Sabemos muy bien cómo va: el Gobierno quiere evitar que los mayores se jubilen obligatoriamente al llegar a la edad legal, porque cada año que permanecen en su puesto es un año más que cotizan lo máximo y un año menos que cobran la pensión. La cuenta sale para todos, menos para los jóvenes, que ven cómo se endurece el tapón que les impide ascender profesionalmente. Un tapón como una losa sobre su futuro. Como un pulgar enorme sobre su cabeza.

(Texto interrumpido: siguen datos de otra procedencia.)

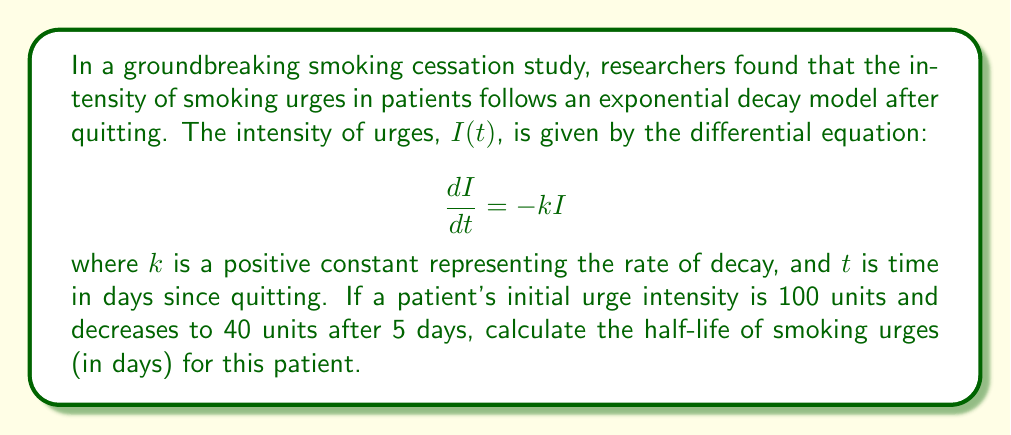Help me with this question. Let's approach this step-by-step:

1) The general solution to the differential equation $\frac{dI}{dt} = -kI$ is:

   $$I(t) = I_0e^{-kt}$$

   where $I_0$ is the initial intensity at $t=0$.

2) We're given that $I_0 = 100$ and $I(5) = 40$. Let's substitute these into our equation:

   $$40 = 100e^{-5k}$$

3) Divide both sides by 100:

   $$0.4 = e^{-5k}$$

4) Take the natural logarithm of both sides:

   $$\ln(0.4) = -5k$$

5) Solve for $k$:

   $$k = -\frac{\ln(0.4)}{5} \approx 0.1832$$

6) The half-life $t_{1/2}$ is the time it takes for the intensity to decrease by half. It satisfies:

   $$\frac{1}{2} = e^{-kt_{1/2}}$$

7) Take the natural logarithm of both sides:

   $$\ln(\frac{1}{2}) = -kt_{1/2}$$

8) Solve for $t_{1/2}$:

   $$t_{1/2} = -\frac{\ln(\frac{1}{2})}{k} = \frac{\ln(2)}{k}$$

9) Substitute the value of $k$ we found:

   $$t_{1/2} = \frac{\ln(2)}{0.1832} \approx 3.7836$$
Answer: The half-life of smoking urges for this patient is approximately 3.78 days. 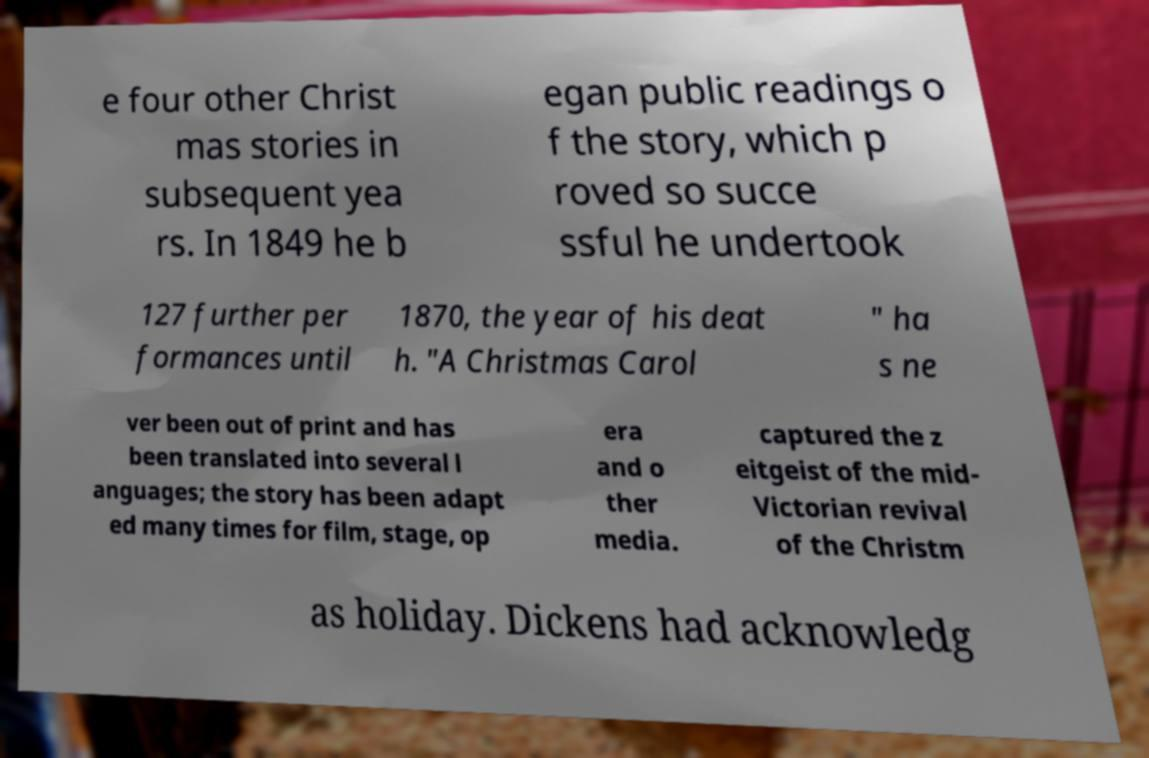Please read and relay the text visible in this image. What does it say? e four other Christ mas stories in subsequent yea rs. In 1849 he b egan public readings o f the story, which p roved so succe ssful he undertook 127 further per formances until 1870, the year of his deat h. "A Christmas Carol " ha s ne ver been out of print and has been translated into several l anguages; the story has been adapt ed many times for film, stage, op era and o ther media. captured the z eitgeist of the mid- Victorian revival of the Christm as holiday. Dickens had acknowledg

Sabemos cómo va: determinado puestos, en la parte más alta de las organizaciones, son puestos muy cómodos, que muchos intentarán mantener de por vida, manteniendo sus escalas de valores, sus ideas obsoletas y su autoridad gerontocrática de dejar las cosas como están y no meterse en innovaciones. Los países y las empresas sólo avanzan a fuerza de jubilaciones y funerales, pero parece que los viejos se quieren aferrar al poder y al salario hasta la tumba, cerrando el paso a los jóvenes de nuevo.
Que se elimine la jubilación obligatoria es una malísima noticia para los más jóvenes. Que eso lo haga un Gobierno autodenominado progresista, es aún más vergonzoso, en tanto en cuanto la edad es una fuerza conservadora, por naturaleza. Pero la pela es la pela, ¿no?
Lo único que vamos a conseguir con esto es un país de carcamales, en el que los mayores tienen los empleos, tienen los salarios, y tienen las viviendas, que compraron hace cuarenta años para, un vez más, sangrar a las generaciones siguientes con salarios bajos y alquileres altos.
Evitar las jubilaciones de los mayores puede tener aparentes ventajas económicas para las arcas del Estado, pero sus consecuencias sociales y a medio plazo van a ser devastadoras, ahondando una brecha que no sólo no se cierra, sino que parece agrandarse cada día. Una brecha en la que los menores de 35 parecen ser los siervos de los mayores de 60.
Y luego nos extrañaremos de la emigración, o de que pasen de ponerse la mascarilla... Bastante que no le meten fuego a todo.